I listen to the music that enchants them. The large symphonic orchestra is playing Beethoven's Opus 132. The notes of the cello in the solo parts, the passages made mystical by the tones of the violas, and the soul-appealing phrases by the violins, make a sound-picture of Heaven, and one can see, inwardly, the Divine Mind ruling over such a realm of peace and harmony. No wonder such music bears the composer's title as though invented to translate his own conception of the inspiration! "A Thanksgiving to God--in the Lydian Mode." Such was what I heard.
 
Then came another selection from Beethoven in which it seemed as though God--the very life and spirit of harmonious sound--projected Himself from the vastness of space into the very presence of the audience until His vibrating power thrilled each being into rejuvenated youth.
 
Mozart's music then came as the supreme achievement of mystical influence. It was as though a master builder was now building a great Cathedral of rare jewels and scintillating glass into which the soul of each might enter and live eternally in attunement with the harmonies of music.
 
Suddenly, I found myself actually in the Cathedral of the Soul, from whence I had started on my reveries.
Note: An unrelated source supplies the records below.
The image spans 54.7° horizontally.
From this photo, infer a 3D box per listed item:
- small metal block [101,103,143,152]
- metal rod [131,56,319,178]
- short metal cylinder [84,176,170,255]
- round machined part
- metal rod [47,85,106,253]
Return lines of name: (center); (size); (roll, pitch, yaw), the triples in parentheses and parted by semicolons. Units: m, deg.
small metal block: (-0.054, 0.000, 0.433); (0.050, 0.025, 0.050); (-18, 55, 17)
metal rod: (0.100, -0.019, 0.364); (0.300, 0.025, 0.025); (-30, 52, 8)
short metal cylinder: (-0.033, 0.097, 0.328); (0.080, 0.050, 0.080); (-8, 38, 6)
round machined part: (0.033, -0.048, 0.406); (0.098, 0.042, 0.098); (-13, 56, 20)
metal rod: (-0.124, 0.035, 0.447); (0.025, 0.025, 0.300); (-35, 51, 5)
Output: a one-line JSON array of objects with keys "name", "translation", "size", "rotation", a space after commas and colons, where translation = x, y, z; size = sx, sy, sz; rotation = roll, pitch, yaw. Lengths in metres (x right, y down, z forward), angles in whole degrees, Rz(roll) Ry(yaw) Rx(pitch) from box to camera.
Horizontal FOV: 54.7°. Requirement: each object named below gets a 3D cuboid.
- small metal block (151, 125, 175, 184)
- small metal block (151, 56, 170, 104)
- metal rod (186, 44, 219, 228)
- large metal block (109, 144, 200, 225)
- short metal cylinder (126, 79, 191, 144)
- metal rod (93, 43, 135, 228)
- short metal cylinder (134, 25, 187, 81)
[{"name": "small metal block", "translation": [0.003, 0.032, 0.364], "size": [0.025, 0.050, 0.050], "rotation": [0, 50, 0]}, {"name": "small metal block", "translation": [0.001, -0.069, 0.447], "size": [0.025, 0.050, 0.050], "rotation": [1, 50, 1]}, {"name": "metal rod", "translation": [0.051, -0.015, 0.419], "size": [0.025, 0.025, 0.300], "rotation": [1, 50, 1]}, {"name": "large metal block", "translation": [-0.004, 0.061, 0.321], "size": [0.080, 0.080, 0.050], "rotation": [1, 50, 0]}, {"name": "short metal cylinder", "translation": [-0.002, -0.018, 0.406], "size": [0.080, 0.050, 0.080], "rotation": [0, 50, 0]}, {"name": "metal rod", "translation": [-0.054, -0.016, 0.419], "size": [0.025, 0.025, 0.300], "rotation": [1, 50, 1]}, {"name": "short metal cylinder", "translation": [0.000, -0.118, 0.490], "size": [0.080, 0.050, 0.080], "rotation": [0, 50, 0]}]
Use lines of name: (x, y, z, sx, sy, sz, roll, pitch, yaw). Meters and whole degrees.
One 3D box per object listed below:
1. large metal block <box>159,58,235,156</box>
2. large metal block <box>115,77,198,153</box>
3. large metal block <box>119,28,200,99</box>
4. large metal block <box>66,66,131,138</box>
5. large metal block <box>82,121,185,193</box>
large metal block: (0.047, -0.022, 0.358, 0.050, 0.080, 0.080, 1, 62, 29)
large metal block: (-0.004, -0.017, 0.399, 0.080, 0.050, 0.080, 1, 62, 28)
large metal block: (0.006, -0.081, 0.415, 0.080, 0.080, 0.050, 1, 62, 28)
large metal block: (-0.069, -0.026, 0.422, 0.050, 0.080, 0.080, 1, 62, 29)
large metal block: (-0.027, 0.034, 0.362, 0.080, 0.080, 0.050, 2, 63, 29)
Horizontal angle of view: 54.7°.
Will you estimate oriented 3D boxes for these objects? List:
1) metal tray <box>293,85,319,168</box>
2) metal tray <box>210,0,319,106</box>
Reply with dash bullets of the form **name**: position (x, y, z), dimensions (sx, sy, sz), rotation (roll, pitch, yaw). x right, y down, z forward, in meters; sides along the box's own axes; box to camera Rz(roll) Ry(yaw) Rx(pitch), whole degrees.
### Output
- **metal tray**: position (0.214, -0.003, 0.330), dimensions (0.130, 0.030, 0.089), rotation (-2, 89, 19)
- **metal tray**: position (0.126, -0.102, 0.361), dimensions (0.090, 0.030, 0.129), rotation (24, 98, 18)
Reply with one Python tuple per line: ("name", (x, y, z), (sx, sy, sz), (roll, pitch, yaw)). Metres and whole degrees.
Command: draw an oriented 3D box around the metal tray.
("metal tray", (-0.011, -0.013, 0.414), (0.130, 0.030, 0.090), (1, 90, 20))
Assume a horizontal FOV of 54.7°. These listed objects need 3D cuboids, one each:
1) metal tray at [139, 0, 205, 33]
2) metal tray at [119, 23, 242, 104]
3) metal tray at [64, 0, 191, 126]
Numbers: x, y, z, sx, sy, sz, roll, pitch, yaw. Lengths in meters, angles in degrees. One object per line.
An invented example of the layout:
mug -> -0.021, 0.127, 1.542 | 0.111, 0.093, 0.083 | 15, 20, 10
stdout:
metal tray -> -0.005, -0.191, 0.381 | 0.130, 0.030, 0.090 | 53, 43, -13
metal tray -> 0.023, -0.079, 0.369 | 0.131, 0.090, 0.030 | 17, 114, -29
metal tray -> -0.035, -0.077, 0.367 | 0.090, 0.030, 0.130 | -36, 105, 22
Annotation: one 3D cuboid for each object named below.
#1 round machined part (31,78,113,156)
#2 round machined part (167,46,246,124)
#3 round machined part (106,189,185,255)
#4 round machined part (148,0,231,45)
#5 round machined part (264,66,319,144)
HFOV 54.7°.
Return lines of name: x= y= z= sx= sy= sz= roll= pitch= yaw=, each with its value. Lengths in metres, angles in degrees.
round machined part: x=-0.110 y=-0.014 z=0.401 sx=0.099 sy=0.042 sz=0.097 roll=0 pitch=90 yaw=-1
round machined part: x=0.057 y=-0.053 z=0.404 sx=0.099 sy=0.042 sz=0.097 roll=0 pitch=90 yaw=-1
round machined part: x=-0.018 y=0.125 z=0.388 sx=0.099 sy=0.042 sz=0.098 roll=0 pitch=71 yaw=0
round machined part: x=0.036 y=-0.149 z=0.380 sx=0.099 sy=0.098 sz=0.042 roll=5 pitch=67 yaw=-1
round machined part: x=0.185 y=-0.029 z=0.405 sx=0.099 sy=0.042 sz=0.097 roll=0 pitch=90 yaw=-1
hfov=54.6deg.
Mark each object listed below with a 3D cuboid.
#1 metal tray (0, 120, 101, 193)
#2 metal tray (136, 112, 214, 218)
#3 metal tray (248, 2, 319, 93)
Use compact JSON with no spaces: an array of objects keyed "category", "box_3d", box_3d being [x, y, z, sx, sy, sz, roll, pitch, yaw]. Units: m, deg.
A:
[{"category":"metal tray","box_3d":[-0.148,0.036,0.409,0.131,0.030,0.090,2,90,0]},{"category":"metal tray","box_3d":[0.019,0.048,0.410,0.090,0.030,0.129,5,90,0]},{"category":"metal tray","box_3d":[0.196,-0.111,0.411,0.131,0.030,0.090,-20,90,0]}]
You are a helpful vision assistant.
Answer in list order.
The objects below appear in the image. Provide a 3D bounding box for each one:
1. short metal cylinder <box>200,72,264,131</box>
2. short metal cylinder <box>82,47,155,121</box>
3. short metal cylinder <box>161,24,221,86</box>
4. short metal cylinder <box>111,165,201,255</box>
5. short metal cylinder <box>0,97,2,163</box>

I was surrounded by not only this vast Carnegie audience, which had been brought to God through rhythm, but by all the beings I had contacted during the hours of the night.
 
There were the heathens of many lands, and the orthodox; the many of many creeds; the primitive and unevolved, and the moderns and intellectuals.
 
I could hear each nation, each tribe, each cult chanting its sacred intonations, and playing upon reed, flute, drum, violin, or what-not, its holy anthem. But there were no discords. All was harmony. It was one grand Symphony of Life. There was concordant rhythm, synchronized pulsation of time, universal accord and a synthetic blending of every note of the musical scale.
 
Only a master director of musicians could harmonize such diversified music. Only a transcendental motive could inspire the musicians with themes that could blend in a sunbeam of musical tones.
 
It was the Music of the Spheres, the music of the hearts and souls of men and women of all lands and all degrees of human evolution, rising in unison as a cry from the sanctums of their souls for contact with God. It was the universal, eternal plea of the human heart for attunement with that which each human conceives as Divine and Superhuman.
 
Pagan! Heathen! Orthodox! Heretic! How childish seem these terms in the face of the universal cry of the soul! Only one is lost to God, only one is shut out from contacting the Father of all. It is he or she who fails to attune with this mighty Symphony of Life, this choral of Cosmic Song, this melody of Soul Cantata.
 
Let such a one start now to sing. Set into vibration, today, the Grand Organ of your Soul, that its thunderous tones may reach out beyond your aura. Let the pleas and cries, the smiles and joys of your inner self break into song, sad or merry. Swing your being into chant and rhythm. Hear the life beat, the fundamental time-note all around you in the better things of life and get in attunement with it.
 
You will find God, and Peace, and Harmony in such a life. Your God is in your song. Let it be a song that blends with the Cosmic Symphony, regardless of what altar you erect, what sanctum you build, or what chant you understand.
 
The Symphony of Life is the rhythm of God's consciousness surging through you, and it knows no limitations of thought or doctrine.
 
Attune yourself and join the Cosmic Choir. Time will make you a master musician in the Great Orchestra and you will find Health, Happiness, and Cosmic Power flowing into your being as your song flows outwardly into the Infinite Space of Universal Consciousness.